● Your instructions
Should any entry include an image, skip the image and copy the entry exactly.
*** Data for review ***
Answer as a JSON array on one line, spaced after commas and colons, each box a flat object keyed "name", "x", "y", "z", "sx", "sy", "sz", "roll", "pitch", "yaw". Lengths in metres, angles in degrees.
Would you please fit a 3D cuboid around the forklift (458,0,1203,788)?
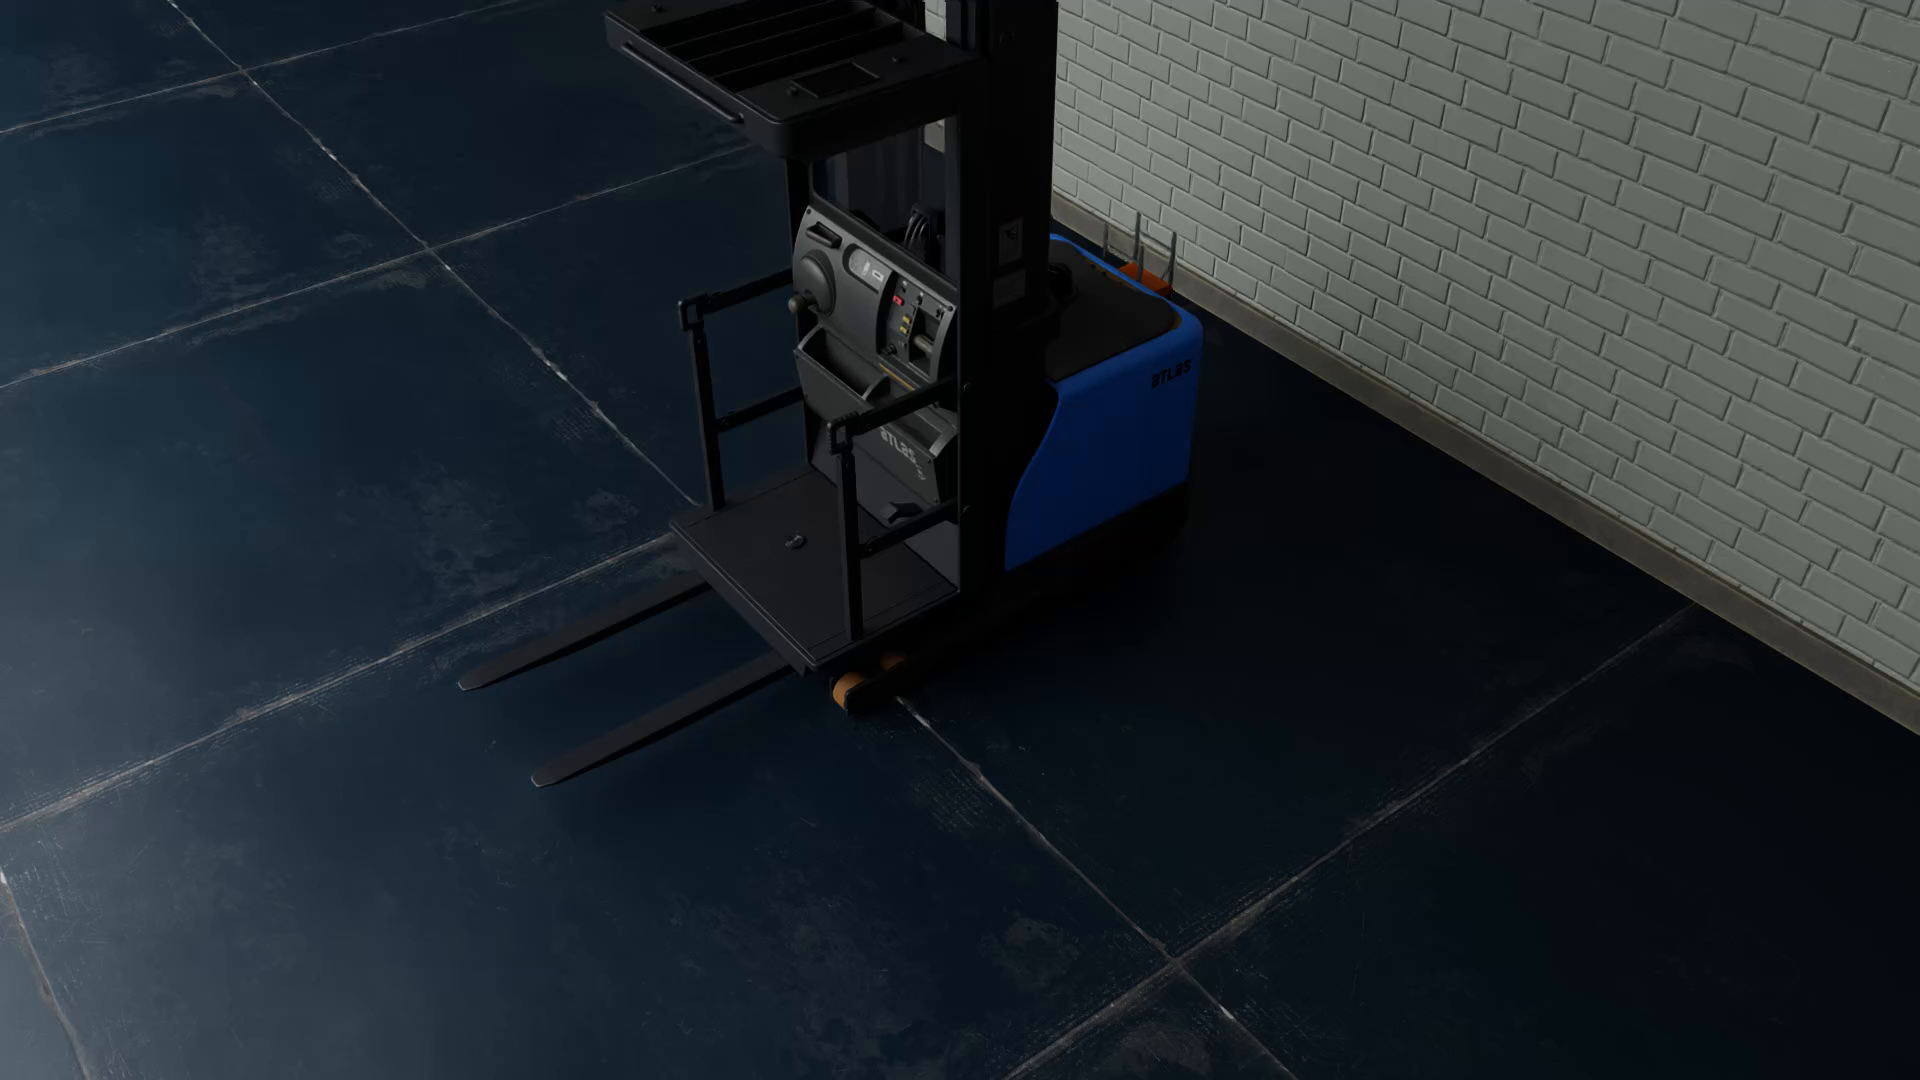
[{"name": "forklift", "x": -0.488, "y": -0.794, "z": 6.012, "sx": 3.031, "sy": 2.797, "sz": 1.129, "roll": -26, "pitch": 46, "yaw": -28}]

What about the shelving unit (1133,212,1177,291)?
[{"name": "shelving unit", "x": 0.755, "y": -0.833, "z": 7.320, "sx": 0.184, "sy": 1.200, "sz": 0.258, "roll": -26, "pitch": 46, "yaw": -28}]

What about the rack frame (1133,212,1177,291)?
[{"name": "rack frame", "x": 0.826, "y": -0.868, "z": 7.362, "sx": 0.006, "sy": 1.200, "sz": 0.240, "roll": -26, "pitch": 46, "yaw": -28}]
*** End of Data for review ***
● Task output
Answer as a JSON array on one line, spaced after commas and colons, each box a flat object keyed "name", "x", "y", "z", "sx", "sy", "sz", "roll", "pitch", "yaw". Lengths in metres, angles in degrees.
Would you please fit a 3D cuboid around the forklift (458,0,1203,788)?
[{"name": "forklift", "x": -0.488, "y": -0.794, "z": 6.012, "sx": 3.031, "sy": 2.797, "sz": 1.129, "roll": -26, "pitch": 46, "yaw": -28}]

What about the shelving unit (1133,212,1177,291)?
[{"name": "shelving unit", "x": 0.755, "y": -0.833, "z": 7.320, "sx": 0.184, "sy": 1.200, "sz": 0.258, "roll": -26, "pitch": 46, "yaw": -28}]

What about the rack frame (1133,212,1177,291)?
[{"name": "rack frame", "x": 0.826, "y": -0.868, "z": 7.362, "sx": 0.006, "sy": 1.200, "sz": 0.240, "roll": -26, "pitch": 46, "yaw": -28}]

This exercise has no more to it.